### Your instructions:
Set out exactly, line by line, the stretch of data below that begins at the line containing "Concise answer only. 1%-3%." and ends at the line containing "Give a very brief answer. Yes.", with both ends kept.

Stored items from a collection:
──────

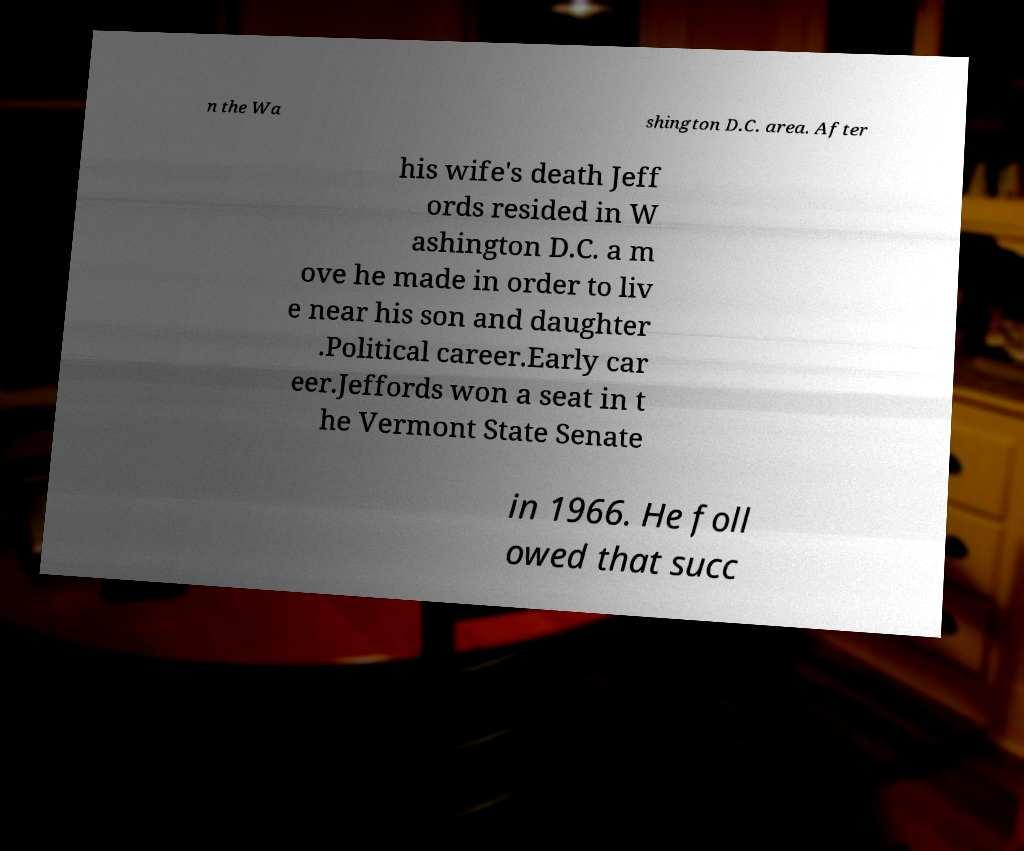Could you extract and type out the text from this image? n the Wa shington D.C. area. After his wife's death Jeff ords resided in W ashington D.C. a m ove he made in order to liv e near his son and daughter .Political career.Early car eer.Jeffords won a seat in t he Vermont State Senate in 1966. He foll owed that succ 
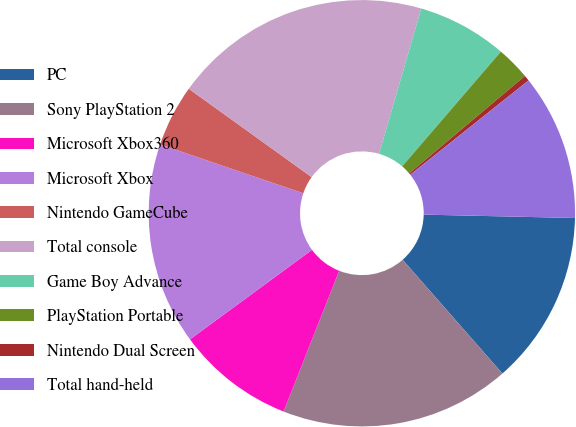<chart> <loc_0><loc_0><loc_500><loc_500><pie_chart><fcel>PC<fcel>Sony PlayStation 2<fcel>Microsoft Xbox360<fcel>Microsoft Xbox<fcel>Nintendo GameCube<fcel>Total console<fcel>Game Boy Advance<fcel>PlayStation Portable<fcel>Nintendo Dual Screen<fcel>Total hand-held<nl><fcel>13.19%<fcel>17.44%<fcel>8.94%<fcel>15.31%<fcel>4.69%<fcel>19.57%<fcel>6.81%<fcel>2.56%<fcel>0.43%<fcel>11.06%<nl></chart> 
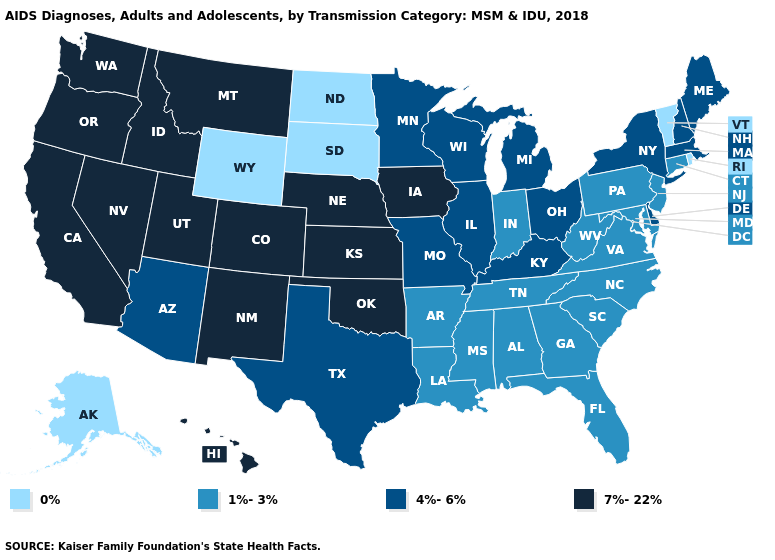Name the states that have a value in the range 0%?
Concise answer only. Alaska, North Dakota, Rhode Island, South Dakota, Vermont, Wyoming. Name the states that have a value in the range 4%-6%?
Quick response, please. Arizona, Delaware, Illinois, Kentucky, Maine, Massachusetts, Michigan, Minnesota, Missouri, New Hampshire, New York, Ohio, Texas, Wisconsin. What is the value of Florida?
Concise answer only. 1%-3%. What is the lowest value in the USA?
Write a very short answer. 0%. Does the first symbol in the legend represent the smallest category?
Keep it brief. Yes. What is the value of Alaska?
Quick response, please. 0%. What is the lowest value in the MidWest?
Concise answer only. 0%. What is the highest value in states that border Iowa?
Short answer required. 7%-22%. Name the states that have a value in the range 1%-3%?
Give a very brief answer. Alabama, Arkansas, Connecticut, Florida, Georgia, Indiana, Louisiana, Maryland, Mississippi, New Jersey, North Carolina, Pennsylvania, South Carolina, Tennessee, Virginia, West Virginia. Does South Dakota have the lowest value in the MidWest?
Give a very brief answer. Yes. What is the value of Rhode Island?
Concise answer only. 0%. How many symbols are there in the legend?
Write a very short answer. 4. Does Utah have the lowest value in the USA?
Quick response, please. No. What is the highest value in the USA?
Give a very brief answer. 7%-22%. Among the states that border Maryland , does Virginia have the highest value?
Be succinct. No. 
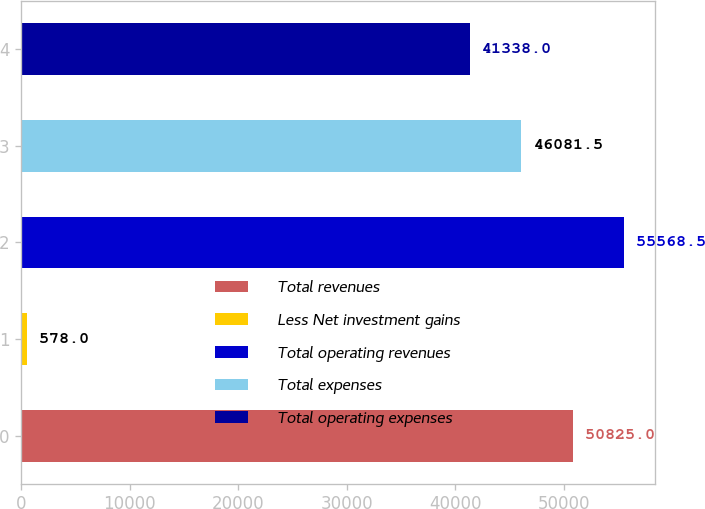Convert chart to OTSL. <chart><loc_0><loc_0><loc_500><loc_500><bar_chart><fcel>Total revenues<fcel>Less Net investment gains<fcel>Total operating revenues<fcel>Total expenses<fcel>Total operating expenses<nl><fcel>50825<fcel>578<fcel>55568.5<fcel>46081.5<fcel>41338<nl></chart>

──────

### Task response:
Concise answer only. 1%-3%. What is the lowest value in the USA?
Write a very short answer. 0%. Does the first symbol in the legend represent the smallest category?
Keep it brief. Yes. What is the value of Alaska?
Quick response, please. 0%. What is the lowest value in the MidWest?
Concise answer only. 0%. What is the highest value in states that border Iowa?
Short answer required. 7%-22%. Name the states that have a value in the range 1%-3%?
Give a very brief answer. Alabama, Arkansas, Connecticut, Florida, Georgia, Indiana, Louisiana, Maryland, Mississippi, New Jersey, North Carolina, Pennsylvania, South Carolina, Tennessee, Virginia, West Virginia. Does South Dakota have the lowest value in the MidWest?
Give a very brief answer. Yes. What is the value of Rhode Island?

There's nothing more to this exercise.